I'am working on a new webapp which is dedicated to search documents on
We intend to use elasticsearch as a search engine and are very keen on it (
@Kimchy : fantastic job ! ; ) ) .
the documents we want to index are quite complex : several data levels ,
so we use nested fields in our mapping;
the space used in the source (3 databases couchDB) is 900 Go by year,
these 3 differents databases in couchDB are indexed in ES on 1 cluster:
the space used by all the indexes in ES is about 2.1 To a year,
we have an index per month per database source (12 indexes by year per
each index has 2 types and 1 replica, 5 shards
the total number of indexed documents is 15 Millions
the data indexed are stored on a disk bay (RAID-5)
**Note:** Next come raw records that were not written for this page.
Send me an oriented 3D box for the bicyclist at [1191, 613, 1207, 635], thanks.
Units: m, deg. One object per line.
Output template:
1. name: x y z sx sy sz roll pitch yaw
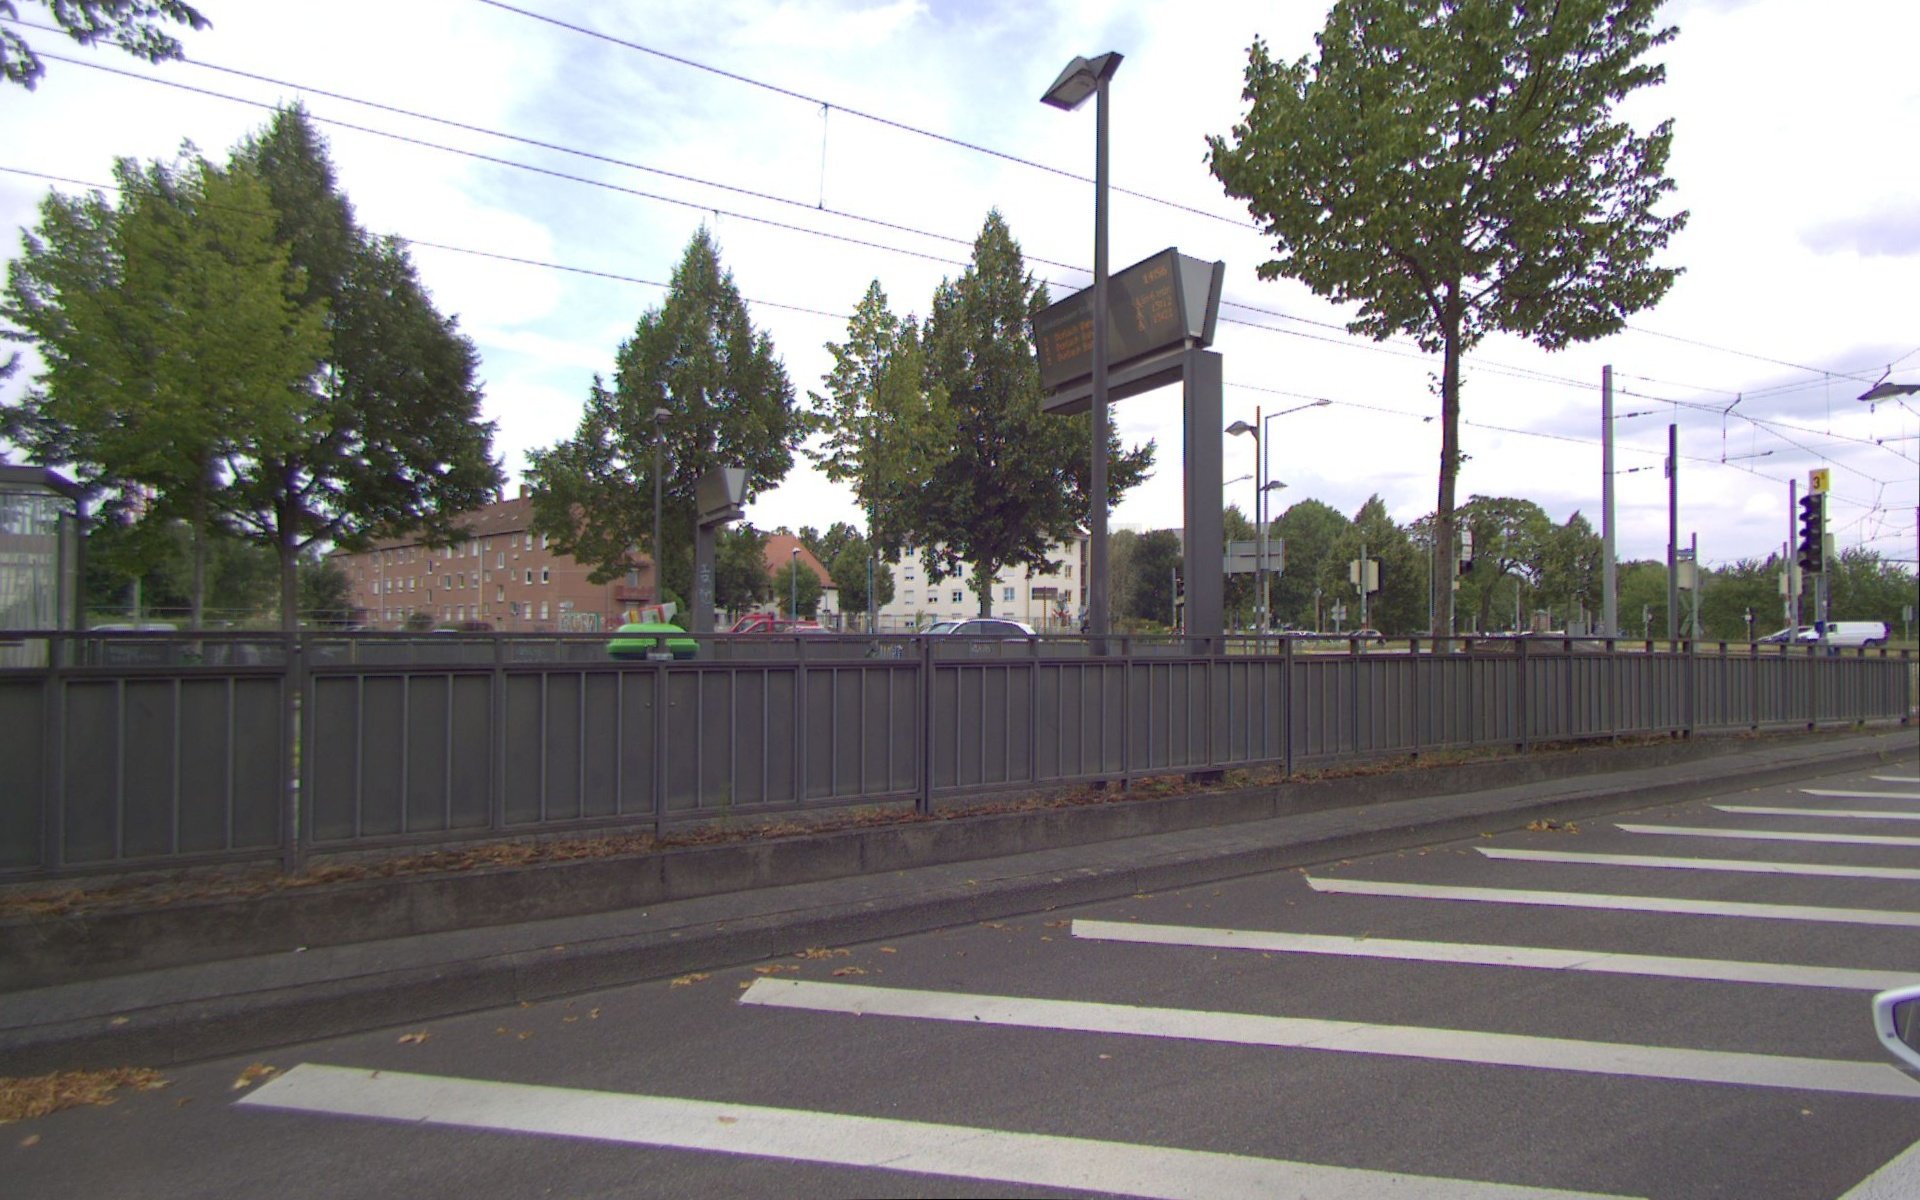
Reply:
1. bicyclist: 17.026 1.729 71.632 0.879 1.583 0.746 -1 -1 43

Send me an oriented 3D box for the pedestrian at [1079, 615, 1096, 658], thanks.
1. pedestrian: 5.594 1.583 44.228 0.637 1.874 0.491 0 -1 22

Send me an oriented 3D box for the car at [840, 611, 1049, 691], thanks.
1. car: -0.326 1.099 22.663 4.332 1.639 1.984 1 -1 -30

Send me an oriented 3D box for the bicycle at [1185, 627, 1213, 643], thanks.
1. bicycle: 17.078 2.506 71.705 0.797 1.144 2.694 -1 -2 41

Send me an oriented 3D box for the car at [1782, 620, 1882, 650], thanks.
1. car: 61.581 2.426 71.052 4.906 2.040 1.998 -1 -1 25

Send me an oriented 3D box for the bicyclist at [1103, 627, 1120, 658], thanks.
1. bicyclist: 9.099 2.531 60.276 0.815 1.859 0.783 0 -1 22

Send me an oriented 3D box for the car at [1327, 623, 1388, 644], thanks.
1. car: 30.759 2.586 77.753 3.920 1.663 2.001 0 -1 1

several fields (about 150) are opened for search
we intend to use facets in queries (this will be a new functionnality and
could increase the numbers of queries done and users logged),
each query is limited to a search period of only 1 year
1000 differents users log every day to execute a mean of 2 queries
We are facing the problem of the architecture to start (number of servers,
number of CPUs, power, RAM, etc ..)
We need to have a scalable solution because we will have to index 4 years
of datas without decreasing perfs.
Has anyone an idea of the best approach ?
Help will be very usefull and appreciated.